[EXERCISE BRIEF]: Print all of the records. Exclude the images.

[RECORDS FOR THE TASK]:
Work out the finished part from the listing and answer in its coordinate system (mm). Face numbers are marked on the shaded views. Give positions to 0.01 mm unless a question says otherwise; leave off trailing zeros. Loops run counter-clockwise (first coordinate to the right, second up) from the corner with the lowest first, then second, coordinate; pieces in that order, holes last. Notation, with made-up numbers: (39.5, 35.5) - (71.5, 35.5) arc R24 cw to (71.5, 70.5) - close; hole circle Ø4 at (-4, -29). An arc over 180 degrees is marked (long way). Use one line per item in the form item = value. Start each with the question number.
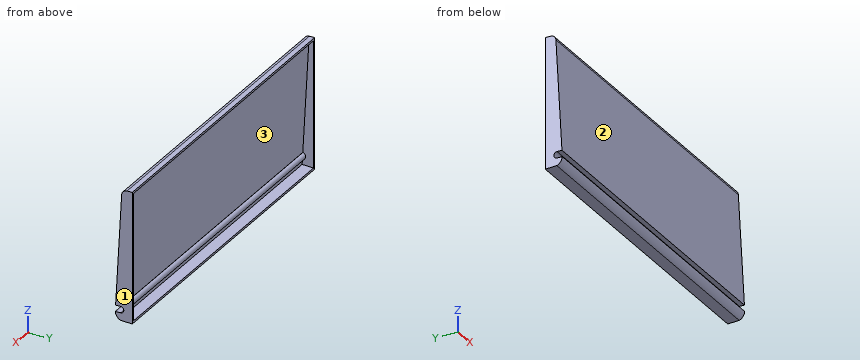
from build123d import *

# Parameters (mm, degrees)
SALIENTE_EXTRUIR1_DEPTH     = 310.007
CORTAR_EXTRUIR1_START       = 0.474917769
CORTAR_EXTRUIR1_OUTLINE_W   = 313
CORTAR_EXTRUIR1_OUTLINE_H   = 2.059275456
CORTAR_EXTRUIR1_OUTLINE_W_2 = 305.9938
CORTAR_EXTRUIR1_OUTLINE_H_2 = 118.74613036
CORTAR_EXTRUIR1_DEPTH       = 10.863473519
CORTAR_EXTRUIR2_DEPTH       = 317.143434336
SALIENTE_EXTRUIR2_REACH     = 316.176


# Read off the part's stored shape, not the designer's step: Cortar-Extruir1
with BuildPart() as part:
    # Croquis1 → Saliente-Extruir1 (new body)
    with BuildSketch(Plane(origin=(0, 0, 0), x_dir=(0, 0, -1), z_dir=(1, 0, 0))):
        with BuildLine():
            Line((-61.468, 8.001), (61.468, 8.001))
            Line((61.468, 8.001), (61.468, 0))
            ThreePointArc((61.468, 0), (58.968267477, -5.809652067), (53.031040334, -7.989113854))
            Line((53.031040334, -7.989113854), (-56.736847791, -1.999166442))
            ThreePointArc((-56.736847791, -1.999166442), (-60.09753796, -0.443275216), (-61.468, 2.9972))
            Line((-61.468, 2.9972), (-61.468, 8.001))
        make_face()
    extrude(amount=SALIENTE_EXTRUIR1_DEPTH)

    # Cortar-Extruir1 outline → Cortar-Extruir1 (cut)
    with BuildSketch(Plane(origin=(0, 0, 0), x_dir=(1, 0, 0), z_dir=(0, 0.9985144174273646, -0.054488147240394726)).offset(CORTAR_EXTRUIR1_START)):
        with Locations((155.5, 61.970362272)):
            Rectangle(CORTAR_EXTRUIR1_OUTLINE_W, CORTAR_EXTRUIR1_OUTLINE_H)
        with Locations((155.0035, -0.435959666)):
            Rectangle(CORTAR_EXTRUIR1_OUTLINE_W_2, CORTAR_EXTRUIR1_OUTLINE_H_2)
    extrude(amount=CORTAR_EXTRUIR1_DEPTH, mode=Mode.SUBTRACT)

    # Croquis3 → Cortar-Extruir2 (cut, through all)
    with BuildSketch(Plane(origin=(310.007, 0, 0), x_dir=(0, 0, -1), z_dir=(1, 0, 0))):
        with BuildLine():
            Line((47.871269455, -2.985313854), (47.871269455, -7.707549211))
            Line((47.871269455, -7.707549211), (53.031040334, -7.989113854))
            ThreePointArc((53.031040334, -7.989113854), (53.448329481, -8.000978216), (53.865669455, -7.991061486))
            Line((53.865669455, -7.991061486), (53.865669455, -2.985313854))
            ThreePointArc((53.865669455, -2.985313854), (50.868469455, 0.011886146), (47.871269455, -2.985313854))
        make_face()
    extrude(amount=-CORTAR_EXTRUIR2_DEPTH, mode=Mode.SUBTRACT)

    # Croquis4 → Saliente-Extruir2 (add, up to next)
    with BuildSketch(Plane.ZY.offset(-308.0004), mode=Mode.PRIVATE) as saliente_extruir2_sk1:
        with BuildLine():
            ThreePointArc((-54.319674223, -2.372441361), (-54.323209583, -2.4306924), (-54.313356663, -2.488212852))
            Line((-54.313356663, -2.488212852), (-53.819499619, -2.461263461))
            ThreePointArc((-53.819499619, -2.461263461), (-51.03178133, 0.007433558), (-47.991986492, -2.143260648))
            Line((-47.991986492, -2.143260648), (-47.498129447, -2.116311258))
            ThreePointArc((-47.498129447, -2.116311258), (-47.494594087, -2.058060218), (-47.504447006, -2.000539766))
            ThreePointArc((-47.504447006, -2.000539766), (-51.059461309, 0.514678882), (-54.319674223, -2.372441361))
        make_face()
    saliente_extruir2_tool1 = extrude(saliente_extruir2_sk1.sketch, amount=SALIENTE_EXTRUIR2_REACH, mode=Mode.PRIVATE) - part.part
    add(saliente_extruir2_tool1.solids().sort_by_distance((308.0004, 0.440165, -51.055395))[0])


solid = part.part
1) A cutting plane is placed at C-C (z = 52). Give the vertices of the cut face in (x, y).
2) A cutting plane is placed at A-A (x = 263.5). Give the vertices of the cut face in (y, z), plus the area to 3 significant figures.
3) Determine the mould class of the marked faces 1, 2 and 3 for opening direction X: released by +X, released by -X, zero draft, split by the parting line, or undercut.
4) A cutting plane is placed at B-B (z = 28). Give the vertices of the cut face in (x, y), plus the area to 3 significant figures.
5) Find the intervals of material crossed by probe 1 along X at (y, z) = (7, 6); probe 2 along Z at (x, y) = (262, 4.25); probe 3 along Z at (x, y) = (87, 6), in increasing order.
6) Flat-ended cylindrical pins translate along their axes: pin 1 Ø12 at (x, z) = (60, -19.5) entering from -Y; pin 2 Ø6 at (x, y) = (219, 3.5) entering from -Z; pin 3 Ø2 at (x, z) = (59.5, -7) entering from -Y. Find the tip coordinate at first contact, or state that the pin passes through.
Answer sheet:
q1.outline = (0, -2.26) - (310.01, -2.26) - (310.01, 8) - (308, 8) - (308, 3.31) - (2.01, 3.31) - (2.01, 8) - (0, 8) - close
q2.outline = (-7.99, -53.87) arc R8 ccw to (-2.85, -60.94) - (-2.85, -60.88) - (8, -61.47) - (8, -59.46) - (-2.74, -58.88) - (-2.49, -54.31) arc R0.25 ccw to (-2.37, -54.32) arc R3.51 ccw to (-2, -47.5) arc R0.25 ccw to (-2.12, -47.5) - (3.73, 59.69) - (8, 59.46) - (8, 61.47) - (3, 61.47) arc R5 ccw to (-2, 56.74) - (-7.71, -47.87) - (-2.99, -47.87) arc R3 cw to (-2.99, -53.87) - close
q2.area = 666 mm²
q3.face_1 = released by +X
q3.face_2 = zero draft
q3.face_3 = undercut
q4.outline = (0, -3.57) - (310.01, -3.57) - (310.01, 8) - (308, 8) - (308, 2) - (2.01, 2) - (2.01, 8) - (0, 8) - close
q4.area = 1,750 mm²
q5.probe_1 = 0 to 2.01, 308 to 310.01
q5.probe_2 = -61.26 to -59.26, 59.67 to 61.47
q5.probe_3 = -61.36 to -59.35, 59.57 to 61.47
q6.pin_1 = -6.49
q6.pin_2 = -61.39
q6.pin_3 = -5.53

[ANSWER SPACE]:
Work out the finished part from the listing and answer in its coordinate system (mm). Face numbers are marked on the shaded views. Give positions to 0.01 mm unless a question says otherwise; leave off trailing zeros. Loops run counter-clockwise (first coordinate to the right, second up) from the corner with the lowest first, then second, coordinate; pieces in that order, holes last. Notation, with made-up numbers: (39.5, 35.5) - (71.5, 35.5) arc R24 cw to (71.5, 70.5) - close; hole circle Ø4 at (-4, -29). An arc over 180 degrees is marked (long way). Use one line per item in the form item = value. Start each with the question number.
from build123d import *

# Parameters (mm, degrees)
SALIENTE_EXTRUIR1_DEPTH     = 310.007
CORTAR_EXTRUIR1_START       = 0.474917769
CORTAR_EXTRUIR1_OUTLINE_W   = 313
CORTAR_EXTRUIR1_OUTLINE_H   = 2.059275456
CORTAR_EXTRUIR1_OUTLINE_W_2 = 305.9938
CORTAR_EXTRUIR1_OUTLINE_H_2 = 118.74613036
CORTAR_EXTRUIR1_DEPTH       = 10.863473519
CORTAR_EXTRUIR2_DEPTH       = 317.143434336
SALIENTE_EXTRUIR2_REACH     = 316.176


# Read off the part's stored shape, not the designer's step: Cortar-Extruir1
with BuildPart() as part:
    # Croquis1 → Saliente-Extruir1 (new body)
    with BuildSketch(Plane(origin=(0, 0, 0), x_dir=(0, 0, -1), z_dir=(1, 0, 0))):
        with BuildLine():
            Line((-61.468, 8.001), (61.468, 8.001))
            Line((61.468, 8.001), (61.468, 0))
            ThreePointArc((61.468, 0), (58.968267477, -5.809652067), (53.031040334, -7.989113854))
            Line((53.031040334, -7.989113854), (-56.736847791, -1.999166442))
            ThreePointArc((-56.736847791, -1.999166442), (-60.09753796, -0.443275216), (-61.468, 2.9972))
            Line((-61.468, 2.9972), (-61.468, 8.001))
        make_face()
    extrude(amount=SALIENTE_EXTRUIR1_DEPTH)

    # Cortar-Extruir1 outline → Cortar-Extruir1 (cut)
    with BuildSketch(Plane(origin=(0, 0, 0), x_dir=(1, 0, 0), z_dir=(0, 0.9985144174273646, -0.054488147240394726)).offset(CORTAR_EXTRUIR1_START)):
        with Locations((155.5, 61.970362272)):
            Rectangle(CORTAR_EXTRUIR1_OUTLINE_W, CORTAR_EXTRUIR1_OUTLINE_H)
        with Locations((155.0035, -0.435959666)):
            Rectangle(CORTAR_EXTRUIR1_OUTLINE_W_2, CORTAR_EXTRUIR1_OUTLINE_H_2)
    extrude(amount=CORTAR_EXTRUIR1_DEPTH, mode=Mode.SUBTRACT)

    # Croquis3 → Cortar-Extruir2 (cut, through all)
    with BuildSketch(Plane(origin=(310.007, 0, 0), x_dir=(0, 0, -1), z_dir=(1, 0, 0))):
        with BuildLine():
            Line((47.871269455, -2.985313854), (47.871269455, -7.707549211))
            Line((47.871269455, -7.707549211), (53.031040334, -7.989113854))
            ThreePointArc((53.031040334, -7.989113854), (53.448329481, -8.000978216), (53.865669455, -7.991061486))
            Line((53.865669455, -7.991061486), (53.865669455, -2.985313854))
            ThreePointArc((53.865669455, -2.985313854), (50.868469455, 0.011886146), (47.871269455, -2.985313854))
        make_face()
    extrude(amount=-CORTAR_EXTRUIR2_DEPTH, mode=Mode.SUBTRACT)

    # Croquis4 → Saliente-Extruir2 (add, up to next)
    with BuildSketch(Plane.ZY.offset(-308.0004), mode=Mode.PRIVATE) as saliente_extruir2_sk1:
        with BuildLine():
            ThreePointArc((-54.319674223, -2.372441361), (-54.323209583, -2.4306924), (-54.313356663, -2.488212852))
            Line((-54.313356663, -2.488212852), (-53.819499619, -2.461263461))
            ThreePointArc((-53.819499619, -2.461263461), (-51.03178133, 0.007433558), (-47.991986492, -2.143260648))
            Line((-47.991986492, -2.143260648), (-47.498129447, -2.116311258))
            ThreePointArc((-47.498129447, -2.116311258), (-47.494594087, -2.058060218), (-47.504447006, -2.000539766))
            ThreePointArc((-47.504447006, -2.000539766), (-51.059461309, 0.514678882), (-54.319674223, -2.372441361))
        make_face()
    saliente_extruir2_tool1 = extrude(saliente_extruir2_sk1.sketch, amount=SALIENTE_EXTRUIR2_REACH, mode=Mode.PRIVATE) - part.part
    add(saliente_extruir2_tool1.solids().sort_by_distance((308.0004, 0.440165, -51.055395))[0])


solid = part.part
1) A cutting plane is placed at C-C (z = 52). Give the vertices of the cut face in (x, y).
2) A cutting plane is placed at A-A (x = 263.5). Give the vertices of the cut face in (y, z), plus the area to 3 significant figures.
3) Determine the mould class of the marked faces 1, 2 and 3 for opening direction X: released by +X, released by -X, zero draft, split by the parting line, or undercut.
4) A cutting plane is placed at B-B (z = 28). Give the vertices of the cut face in (x, y), plus the area to 3 significant figures.
5) Find the intervals of material crossed by probe 1 along X at (y, z) = (7, 6); probe 2 along Z at (x, y) = (262, 4.25); probe 3 along Z at (x, y) = (87, 6), in increasing order.
6) Flat-ended cylindrical pins translate along their axes: pin 1 Ø12 at (x, z) = (60, -19.5) entering from -Y; pin 2 Ø6 at (x, y) = (219, 3.5) entering from -Z; pin 3 Ø2 at (x, z) = (59.5, -7) entering from -Y. Find the tip coordinate at first contact, or state that the pin passes through.
Answer sheet:
q1.outline = (0, -2.26) - (310.01, -2.26) - (310.01, 8) - (308, 8) - (308, 3.31) - (2.01, 3.31) - (2.01, 8) - (0, 8) - close
q2.outline = (-7.99, -53.87) arc R8 ccw to (-2.85, -60.94) - (-2.85, -60.88) - (8, -61.47) - (8, -59.46) - (-2.74, -58.88) - (-2.49, -54.31) arc R0.25 ccw to (-2.37, -54.32) arc R3.51 ccw to (-2, -47.5) arc R0.25 ccw to (-2.12, -47.5) - (3.73, 59.69) - (8, 59.46) - (8, 61.47) - (3, 61.47) arc R5 ccw to (-2, 56.74) - (-7.71, -47.87) - (-2.99, -47.87) arc R3 cw to (-2.99, -53.87) - close
q2.area = 666 mm²
q3.face_1 = released by +X
q3.face_2 = zero draft
q3.face_3 = undercut
q4.outline = (0, -3.57) - (310.01, -3.57) - (310.01, 8) - (308, 8) - (308, 2) - (2.01, 2) - (2.01, 8) - (0, 8) - close
q4.area = 1,750 mm²
q5.probe_1 = 0 to 2.01, 308 to 310.01
q5.probe_2 = -61.26 to -59.26, 59.67 to 61.47
q5.probe_3 = -61.36 to -59.35, 59.57 to 61.47
q6.pin_1 = -6.49
q6.pin_2 = -61.39
q6.pin_3 = -5.53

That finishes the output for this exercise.